== Segment start ==

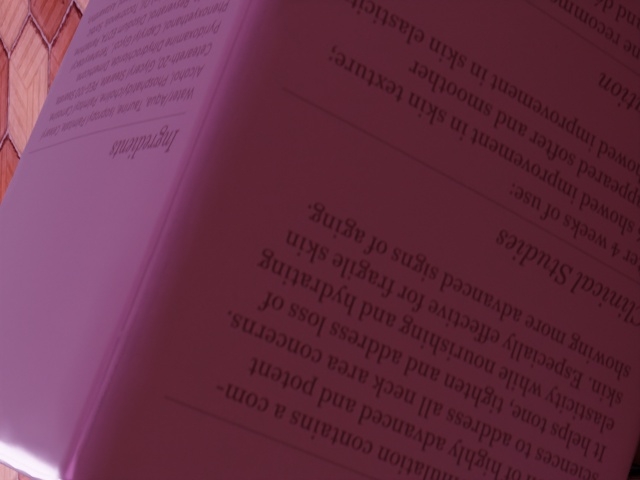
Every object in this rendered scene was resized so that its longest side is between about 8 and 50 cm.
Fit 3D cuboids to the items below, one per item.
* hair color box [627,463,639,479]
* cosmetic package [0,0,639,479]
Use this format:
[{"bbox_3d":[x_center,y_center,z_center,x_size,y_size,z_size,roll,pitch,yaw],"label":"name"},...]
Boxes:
[{"bbox_3d":[0.128,0.232,0.934,0.347,0.105,0.174,5,93,61],"label":"hair color box"},{"bbox_3d":[0.000,0.000,0.827,0.327,0.329,0.393,-1,65,60],"label":"cosmetic package"}]
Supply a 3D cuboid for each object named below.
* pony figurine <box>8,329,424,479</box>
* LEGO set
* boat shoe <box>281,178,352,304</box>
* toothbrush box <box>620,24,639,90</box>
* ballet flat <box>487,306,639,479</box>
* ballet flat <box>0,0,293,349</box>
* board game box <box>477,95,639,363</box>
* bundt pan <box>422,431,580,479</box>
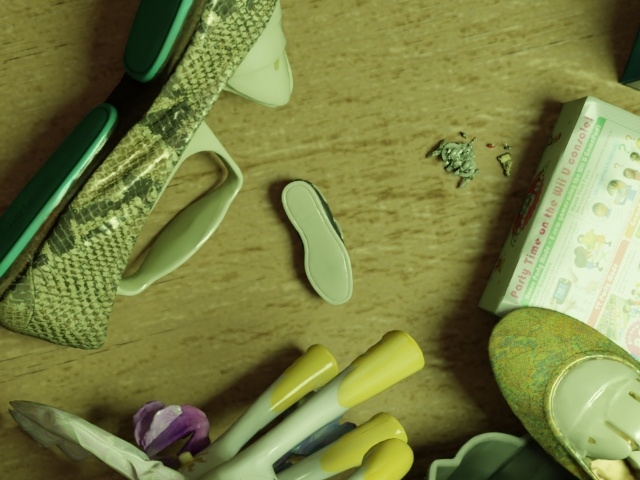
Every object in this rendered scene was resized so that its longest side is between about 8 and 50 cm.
[{"bbox_3d":[-0.102,0.223,1.270,0.363,0.351,0.303,-32,96,-22],"label":"pony figurine"},{"bbox_3d":[0.146,-0.080,1.408,0.083,0.023,0.054,-16,93,-3],"label":"LEGO set"},{"bbox_3d":[0.000,0.000,1.394,0.046,0.038,0.125,-26,92,16],"label":"boat shoe"},{"bbox_3d":[0.402,-0.269,1.326,0.126,0.216,0.296,17,89,-5],"label":"toothbrush box"},{"bbox_3d":[0.289,0.194,1.287,0.123,0.123,0.348,-40,94,-2],"label":"ballet flat"},{"bbox_3d":[-0.137,-0.112,1.340,0.182,0.164,0.483,28,96,-26],"label":"ballet flat"},{"bbox_3d":[0.336,0.024,1.389,0.303,0.097,0.224,23,90,-5],"label":"board game box"},{"bbox_3d":[0.181,0.346,1.317,0.330,0.124,0.331,15,55,-23],"label":"bundt pan"}]
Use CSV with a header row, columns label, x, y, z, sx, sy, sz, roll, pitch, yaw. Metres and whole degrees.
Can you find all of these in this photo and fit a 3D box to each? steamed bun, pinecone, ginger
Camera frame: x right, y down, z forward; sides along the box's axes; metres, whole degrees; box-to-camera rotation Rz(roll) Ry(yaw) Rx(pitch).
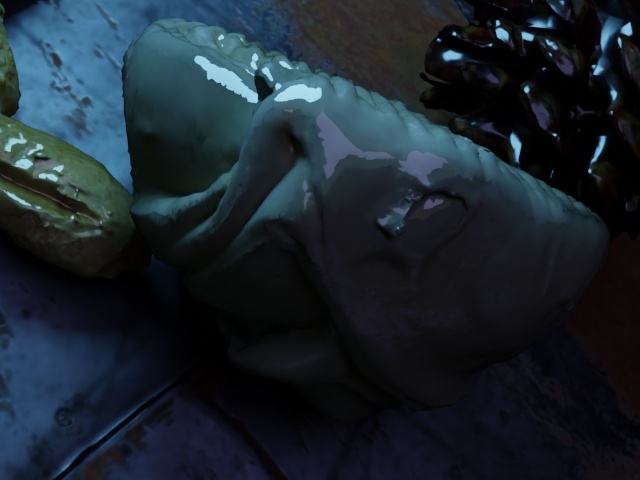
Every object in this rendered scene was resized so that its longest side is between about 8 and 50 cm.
label,x,y,z,sx,sy,sz,roll,pitch,yaw
steamed bun,0.006,0.003,0.766,0.324,0.310,0.219,20,97,-40
pinecone,0.218,-0.139,0.919,0.242,0.296,0.298,29,21,-33
ginger,-0.302,-0.138,0.753,0.348,0.122,0.363,-3,79,-38

== Segment end ==

**WORK REQUIRED**
Would it be possible to give the material above again exactly, with the pictures left out?

**REPLY**
Every object in this rendered scene was resized so that its longest side is between about 8 and 50 cm.
Fit 3D cuboids to the items below, one per item.
* hair color box [627,463,639,479]
* cosmetic package [0,0,639,479]
Use this format:
[{"bbox_3d":[x_center,y_center,z_center,x_size,y_size,z_size,roll,pitch,yaw],"label":"name"},...]
Boxes:
[{"bbox_3d":[0.128,0.232,0.934,0.347,0.105,0.174,5,93,61],"label":"hair color box"},{"bbox_3d":[0.000,0.000,0.827,0.327,0.329,0.393,-1,65,60],"label":"cosmetic package"}]
Supply a 3D cuboid for each object named below.
* pony figurine <box>8,329,424,479</box>
* LEGO set
* boat shoe <box>281,178,352,304</box>
* toothbrush box <box>620,24,639,90</box>
* ballet flat <box>487,306,639,479</box>
* ballet flat <box>0,0,293,349</box>
* board game box <box>477,95,639,363</box>
* bundt pan <box>422,431,580,479</box>
Every object in this rendered scene was resized so that its longest side is between about 8 and 50 cm.
[{"bbox_3d":[-0.102,0.223,1.270,0.363,0.351,0.303,-32,96,-22],"label":"pony figurine"},{"bbox_3d":[0.146,-0.080,1.408,0.083,0.023,0.054,-16,93,-3],"label":"LEGO set"},{"bbox_3d":[0.000,0.000,1.394,0.046,0.038,0.125,-26,92,16],"label":"boat shoe"},{"bbox_3d":[0.402,-0.269,1.326,0.126,0.216,0.296,17,89,-5],"label":"toothbrush box"},{"bbox_3d":[0.289,0.194,1.287,0.123,0.123,0.348,-40,94,-2],"label":"ballet flat"},{"bbox_3d":[-0.137,-0.112,1.340,0.182,0.164,0.483,28,96,-26],"label":"ballet flat"},{"bbox_3d":[0.336,0.024,1.389,0.303,0.097,0.224,23,90,-5],"label":"board game box"},{"bbox_3d":[0.181,0.346,1.317,0.330,0.124,0.331,15,55,-23],"label":"bundt pan"}]
Use CSV with a header row, columns label, x, y, z, sx, sy, sz, roll, pitch, yaw. Metres and whole degrees.
Can you find all of these in this photo and fit a 3D box to each? steamed bun, pinecone, ginger
Camera frame: x right, y down, z forward; sides along the box's axes; metres, whole degrees; box-to-camera rotation Rz(roll) Ry(yaw) Rx(pitch).
Every object in this rendered scene was resized so that its longest side is between about 8 and 50 cm.
label,x,y,z,sx,sy,sz,roll,pitch,yaw
steamed bun,0.006,0.003,0.766,0.324,0.310,0.219,20,97,-40
pinecone,0.218,-0.139,0.919,0.242,0.296,0.298,29,21,-33
ginger,-0.302,-0.138,0.753,0.348,0.122,0.363,-3,79,-38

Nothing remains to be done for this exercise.